So I just got done with a long talk with Mike (my pastor) and I feel alot better but I also have alot more to think about. He helped me see something that I didnt before. I seem to have this bad habit of seeing God in everything. God is in almost everything but there are times that He isnt.... sometimes someone does something that may seem like God's timing mainly because its a trick disguised as a blessing. This may explain alot of my emotional state.
What is Kim in my life? What is Tiff in my life? I really don't know the full answer to that but I do know that I need to cut the ties with Tiff for now. I'm not saying that Tiff and I will never be in touch again and, well, I can say nothing about what the future holds.... but I know this.... I absolutely can not be the one to initiate anything. My life is so full of making sacrifices -- I make entirely too many of them. I desire to help so much that I hurt myself as well as others. The worst feeling I can ever experience is helplessness. I hate it.... but sometimes, especially when someone's motivation needs changed, any help that I give may only make the situation worse. For now, Tiff is not in my life and until she would make some drastic changes and sacrifices, it has to remain that way.
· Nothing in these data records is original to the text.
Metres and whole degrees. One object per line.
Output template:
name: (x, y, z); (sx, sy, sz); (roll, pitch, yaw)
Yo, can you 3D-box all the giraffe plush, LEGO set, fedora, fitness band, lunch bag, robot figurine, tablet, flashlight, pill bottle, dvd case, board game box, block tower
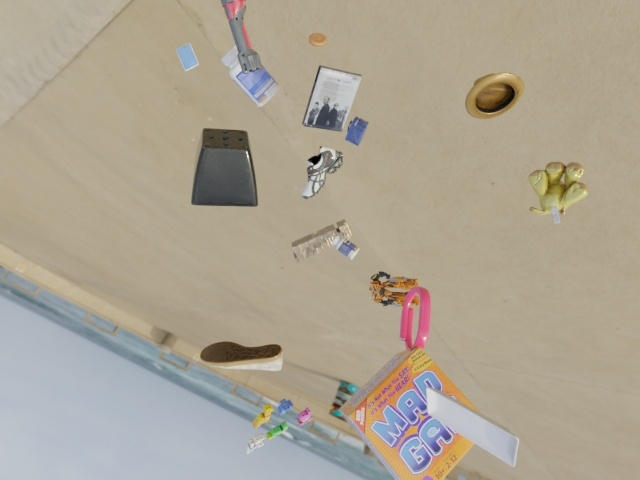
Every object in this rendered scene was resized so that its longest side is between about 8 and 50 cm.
giraffe plush: (0.832, -0.160, 1.447); (0.181, 0.211, 0.170); (8, -176, 35)
LEGO set: (-0.133, 0.533, 1.249); (0.087, 0.227, 0.093); (49, 141, 34)
fedora: (0.565, -0.491, 1.366); (0.194, 0.079, 0.194); (-6, 147, -4)
fitness band: (0.404, 0.339, 1.774); (0.054, 0.291, 0.209); (12, 156, -7)
lunch bag: (0.131, -0.407, 1.526); (0.065, 0.067, 0.099); (25, 133, 3)
robot figurine: (0.399, 0.278, 2.297); (0.290, 0.085, 0.211); (0, 107, 31)
tablet: (-0.455, -0.628, 1.418); (0.006, 0.054, 0.084); (9, -123, -85)
flashlight: (-0.314, -0.846, 1.683); (0.103, 0.103, 0.305); (-15, 109, 10)
pill bottle: (-0.334, -0.786, 1.965); (0.272, 0.152, 0.152); (45, 150, -26)
dvd case: (0.043, -0.548, 1.623); (0.179, 0.030, 0.239); (2, 131, -25)
board game box: (0.331, 0.672, 1.578); (0.357, 0.356, 0.356); (48, 165, 12)
block tower: (0.000, 0.000, 2.230); (0.091, 0.335, 0.097); (-111, -5, -68)
pill bottle: (0.113, 0.029, 1.886); (0.120, 0.067, 0.067); (36, 156, 6)

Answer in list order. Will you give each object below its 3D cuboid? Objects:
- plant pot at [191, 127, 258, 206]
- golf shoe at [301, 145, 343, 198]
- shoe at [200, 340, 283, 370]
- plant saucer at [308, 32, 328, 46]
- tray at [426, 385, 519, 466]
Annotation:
plant pot: (-0.275, -0.218, 1.192); (0.187, 0.188, 0.167); (0, 129, -14)
golf shoe: (-0.017, -0.215, 1.289); (0.093, 0.077, 0.198); (26, 125, -25)
shoe: (-0.201, 0.304, 1.057); (0.218, 0.077, 0.059); (-2, 123, 9)
plant saucer: (-0.009, -0.858, 1.766); (0.083, 0.084, 0.013); (23, 152, 8)
tray: (0.427, 0.517, 1.180); (0.270, 0.030, 0.145); (21, 137, 39)
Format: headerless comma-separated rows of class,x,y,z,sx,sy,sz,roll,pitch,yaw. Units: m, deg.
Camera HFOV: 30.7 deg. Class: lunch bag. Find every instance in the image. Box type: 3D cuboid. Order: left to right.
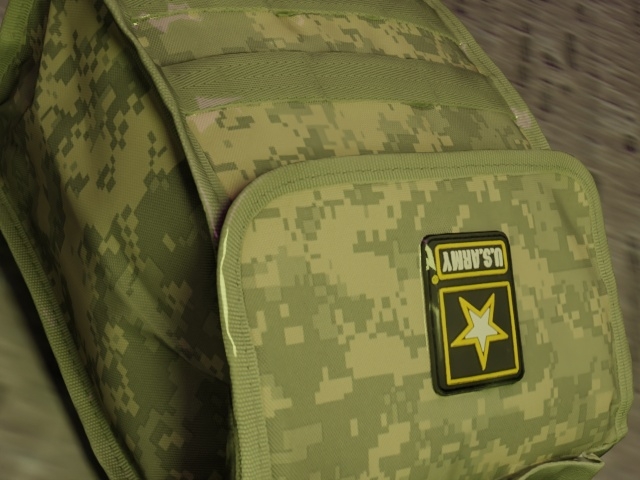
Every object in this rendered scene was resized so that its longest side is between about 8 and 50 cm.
lunch bag,0.000,0.000,0.534,0.235,0.169,0.287,-5,53,-41
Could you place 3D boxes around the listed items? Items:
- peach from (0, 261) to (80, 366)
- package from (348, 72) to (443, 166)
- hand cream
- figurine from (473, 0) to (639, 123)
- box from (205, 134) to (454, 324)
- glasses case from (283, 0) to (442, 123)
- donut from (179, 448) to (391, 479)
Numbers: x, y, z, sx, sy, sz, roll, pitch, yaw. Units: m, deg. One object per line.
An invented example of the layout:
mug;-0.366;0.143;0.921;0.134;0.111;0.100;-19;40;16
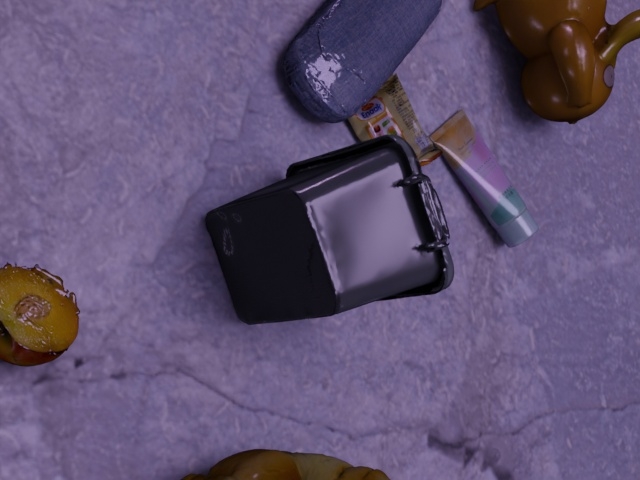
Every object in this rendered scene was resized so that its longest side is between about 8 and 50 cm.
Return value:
peach;-0.262;0.069;1.223;0.098;0.061;0.098;33;37;-29
package;0.081;-0.129;1.611;0.108;0.031;0.120;-37;100;-42
hand cream;0.201;-0.073;1.707;0.076;0.047;0.174;-41;100;-39
figurine;0.308;-0.278;1.776;0.228;0.215;0.215;49;50;-5
box;0.000;0.000;1.373;0.135;0.243;0.163;-21;96;-33
glasses case;0.054;-0.243;1.587;0.109;0.067;0.282;50;53;-17
donut;-0.029;0.374;1.298;0.360;0.170;0.360;12;71;-39
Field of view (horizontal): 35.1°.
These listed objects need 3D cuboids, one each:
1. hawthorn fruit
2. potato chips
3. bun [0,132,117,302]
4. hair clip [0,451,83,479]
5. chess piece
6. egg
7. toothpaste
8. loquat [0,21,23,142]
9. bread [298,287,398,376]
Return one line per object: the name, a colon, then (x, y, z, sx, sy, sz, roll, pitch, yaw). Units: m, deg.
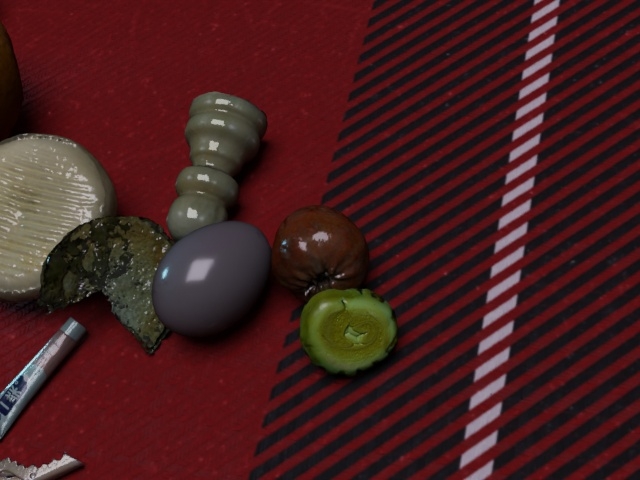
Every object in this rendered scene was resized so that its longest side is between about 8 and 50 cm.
hawthorn fruit: (-0.003, 0.001, 1.478, 0.149, 0.149, 0.189, -12, 62, 4)
potato chips: (-0.303, 0.058, 1.493, 0.219, 0.029, 0.202, 12, 78, -28)
bun: (-0.445, -0.028, 1.584, 0.287, 0.146, 0.288, -4, 72, 12)
hair clip: (-0.446, 0.332, 1.428, 0.225, 0.034, 0.072, 0, 62, 9)
chess piece: (-0.171, -0.098, 1.591, 0.133, 0.133, 0.243, 6, 66, 15)
egg: (-0.156, 0.054, 1.475, 0.198, 0.146, 0.146, -39, 60, -15)
toothpaste: (-0.427, 0.203, 1.504, 0.056, 0.036, 0.205, 31, 73, 27)
loquat: (-0.653, -0.263, 1.665, 0.328, 0.328, 0.329, -5, 58, 8)
bread: (0.038, 0.124, 1.418, 0.139, 0.130, 0.071, -20, 14, -8)

So then there is Kim.... I can certainly say that Kim was in my life because of God but I can't totally answer why. Some people know this but I hadn't put it on my blog. The big reason why Kim's parents are against me is because I stayed at Kim's house and her parents happened to drive by her house and saw my car there. What can I think about that? Well... maybe I did things wrong and maybe Kim did too.... and as much as I enjoyed being with Kim and cuddling through the night.... well, it wasn't worth losing her over. One thing that Mike did say was that if Kim really did want to be with me, why isnt she? He said that kids get away with things all the time.... I told him that he may be right but in this case, Kim isnt with me because of the reasons that I respect her for. She's not about sneaking around. The Kim I know is completely honest and if she was sneaking around her parents to see me, I think it would create problems.... even if she was never "caught" she would still have that feeling and nagging and Kim is far more intelligent than anyone else I met.
I go back and I think how things might be if I didnt stay at her house that night.... Would we both still be happy? I can't go back and change it but I could change things for the future.... well... I could if I was given a second chance. As I write this, I'm learning more and more about how I feel. Do I think that staying at Kim's house was wrong? Well.... the action I dont neccesarily believe was wrong but I do believe it was wrong because I disrespected Kim's parents.... and for that, I am truly sorry. I honestly dont agree with what her parents did but its not because I dont believe they had a reason... it's because I'd so much rather people discuss issues rather than just get rid of them. I believe in second chances and I really wish that I could somehow have that second chance. I really do wish that. I sincerely am sorry for the way things happened. I'll admit, some of it is because I lost Kim over it.... but I really lost the respect of her parents in doing something that was questionable.
I am a very anti-conformist because so many things in the church frustrate me. It's really hard for me to sit and watch people limit God because of what traditions are. I have seen God do some incredible things out of things that someone would not believe God could use -- but the thing is that God can use them. Sometimes the things that God uses are the things that many Christians would think are the most evil things in the world. On the flip side, sometimes there is a time to be a conformist in certain situations. I have often used the saying "when in rome, do as the romans do" because I think there are scenarios were you need to be at the party like Jesus was.... sometimes you need to turn the water in to wine. It's not an issue of whether it's right or wrong but its an issue of connecting. The thing I didnt think about with that saying is that it also means that when I am with extremely conservative Christians, I need to respect them.
With all that said.... if I had one wish right now I would wish for a second chance. Maybe I'd screw up again or maybe I wouldnt. I hate giving up on people and it hurts really bad when people give up on me. I really wish that Kim's family didnt give up on me..... or that they didnt give up on me and Kim...... Maybe we made mistakes but that doesnt mean that God wasnt or isnt in the entire situation, does it?
I thank God that He is a God of second chances ... even when humans aren't.